А в Москве, как и в других городах империи, в это самое время проходили всерадостные банкеты, на которых шумно и вдохновенно праздновалась победа прогрессивных сил над исчерпавшим себя, гнилым самодержавием. Главного бенефицианта, умнейшего Павла Николаевича Милюкова, председателя партии кадетов, прибывшего из северной, зыбкой столицы в хлебосольную, любвеобильную, праздно-сытую, вседовольную Москву, качали усердно, так что у качавших мужей вспотели лбы и подмышки, и, изрядно подустав, качавшие поставили его на стол и приказали говорить победительную речь.

Павел Николаевич откашлялся и, взглянув на товарищей вприщур из-под очков, ошарашивающе заявил:

– Господа, я считаю, никакой победы нет и праздновать еще рано.

Пронесся общий вздох, похожий на стон.

– Ну да, самодержавие отступило, – продолжал также, умно прищурившись, профессор истории, – но оно еще крепко сидит на троне. И хотя трон зашатался… Впрочем, пусть он стоит. Без трона, господа, в этой стране нельзя. Но контроль над троном… – Тут Павел Николаевич еще раз хитро взглянул из-под очков на единомышленников, застывших в ожидании завершения сакраментальной мысли их лидера. – Контроль над троном должен быть в руках… народа. В наших руках, господа!

Что тут поднялось! Кричали, хлопали, топали и снова качали. Контроль над троном понравился всем. Контроль над троном означал, что вот все тут собравшиеся – присяжные поверенные, адвокаты, профессора, журналисты и издатели, чиновники и прочая образованная публика – наконец-то станут выше царя!

– Да здравствует законодательная дума! – закричал кто-то из банкетирующих.

– Да здравствует партия кадетов! – подхватили голоса. – Да здравствует Павел Николаевич Милюков, ура!

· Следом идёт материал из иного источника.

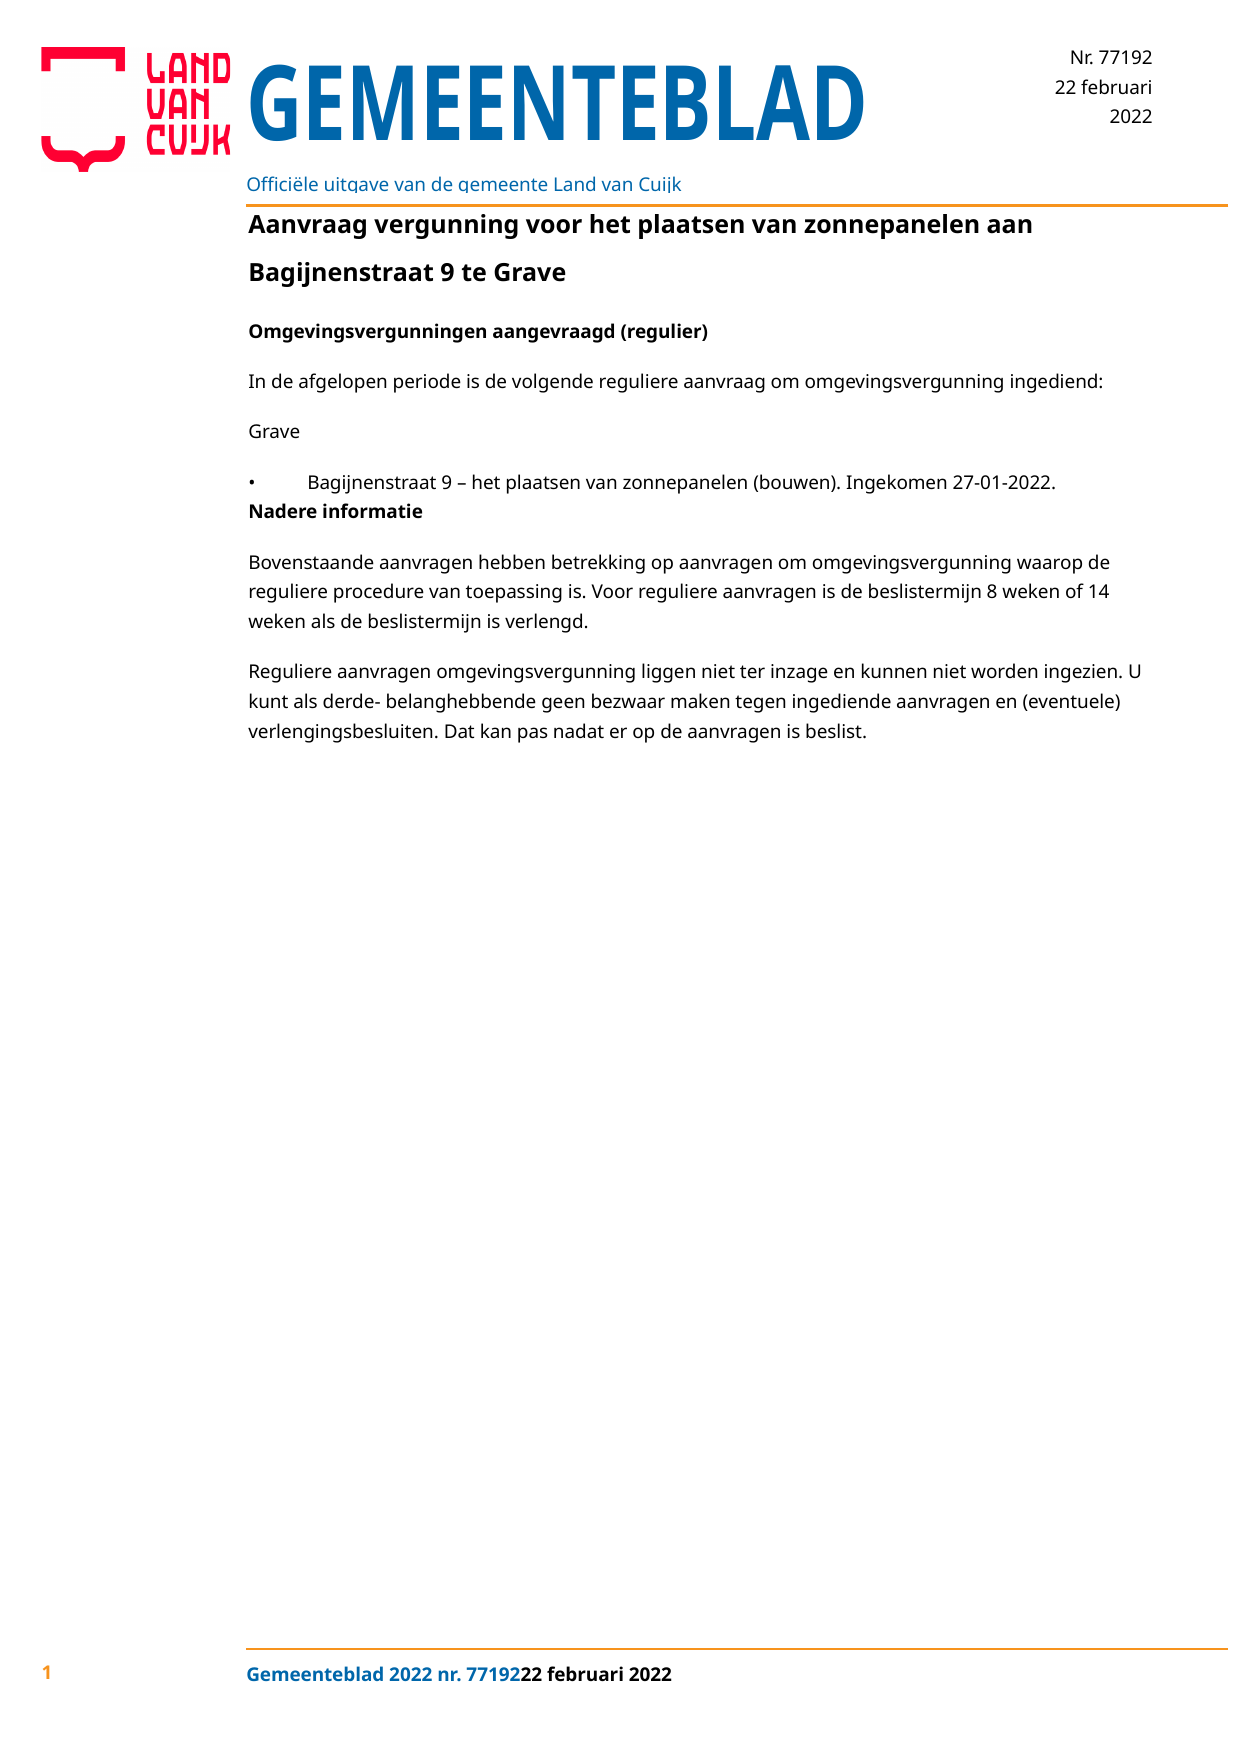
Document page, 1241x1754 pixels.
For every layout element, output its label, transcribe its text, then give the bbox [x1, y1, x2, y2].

picture [41, 47, 231, 172]
text Aanvraag vergunning voor het plaatsen van zonnepanelen aan Bagijnenstraat 9 te Grave [248, 207, 1152, 288]
text Nadere informatie [248, 499, 1152, 524]
text Grave [248, 419, 1152, 444]
text Omgevingsvergunningen aangevraagd (regulier) [248, 318, 1152, 344]
text Bovenstaande aanvragen hebben betrekking op aanvragen om omgevingsvergunning waarop de reguliere procedure van toepassing is. Voor reguliere aanvragen is de beslistermijn 8 weken of 14 weken als de beslistermijn is verlengd. [248, 549, 1152, 634]
text In de afgelopen periode is de volgende reguliere aanvraag om omgevingsvergunning ingediend: [248, 368, 1152, 394]
list Bagijnenstraat 9 – het plaatsen van zonnepanelen (bouwen). Ingekomen 27-01-2022. [248, 469, 1152, 495]
text Reguliere aanvragen omgevingsvergunning liggen niet ter inzage en kunnen niet worden ingezien. U kunt als derde- belanghebbende geen bezwaar maken tegen ingediende aanvragen en (eventuele) verlengingsbesluiten. Dat kan pas nadat er op de aanvragen is beslist. [248, 659, 1152, 744]

Павел Николаевич все еще стоял на столе и, щурясь и раскланиваясь во все стороны, улыбался грядущему неминуемому контролю над троном.

* * *

Царский манифест яблоком раздора разделил страну на две неравные части: тех, кто рвался сокрушить Русское государство, и тех, кто, как мог и умел, пытался его защитить. Вторых было больше. Несоизмеримо больше. Пока больше. С хоругвями, с иконами, раздраженный неслыханными наглыми оскорблениями, стрельбой и убийствами, шел простой народ против тех, кто оскорблял, унижал и порочил его тысячелетние святыни, его веру и любовь ко Христу, – против всех революционеров – разрушителей Отечества. И так было не только в Киеве и Одессе, так было по всей стране. И это было началом гражданской войны, той разгромившей национальную Россию войны, которую инфернально накликал спустя десять лет Ульянов-Ленин.

Миллионы против сотен. Большинство против меньшинства. Но эти миллионы еще не знали, что приходит время торжества всякого рода меньшинств. Что меньшинство возьмет в недалеком будущем верх и начнет невиданный в истории духовный и телесный террор над побежденным большинством.

Эти миллионы простых (черных) людей, выступившие в защиту святых своих идеалов, назовут себя черносотенцами, а противники их сумеют сделать так, что это имя навсегда станет в глазах общества позорной кличкой, и когда русский человек не побоится признать себя любящим Родину патриотом, тут же ему и влепят за это пулей в лоб: «черносотенец» тире «погромщик»! (А чуть позже, потом, «шовинист!», а потом наконец и «фашист!».) Это будет означать то, что в «приличном» обществе вам не подадут руки.

Так отучали (и отлучили) русских людей от любви к Богу, Царю и Отечеству.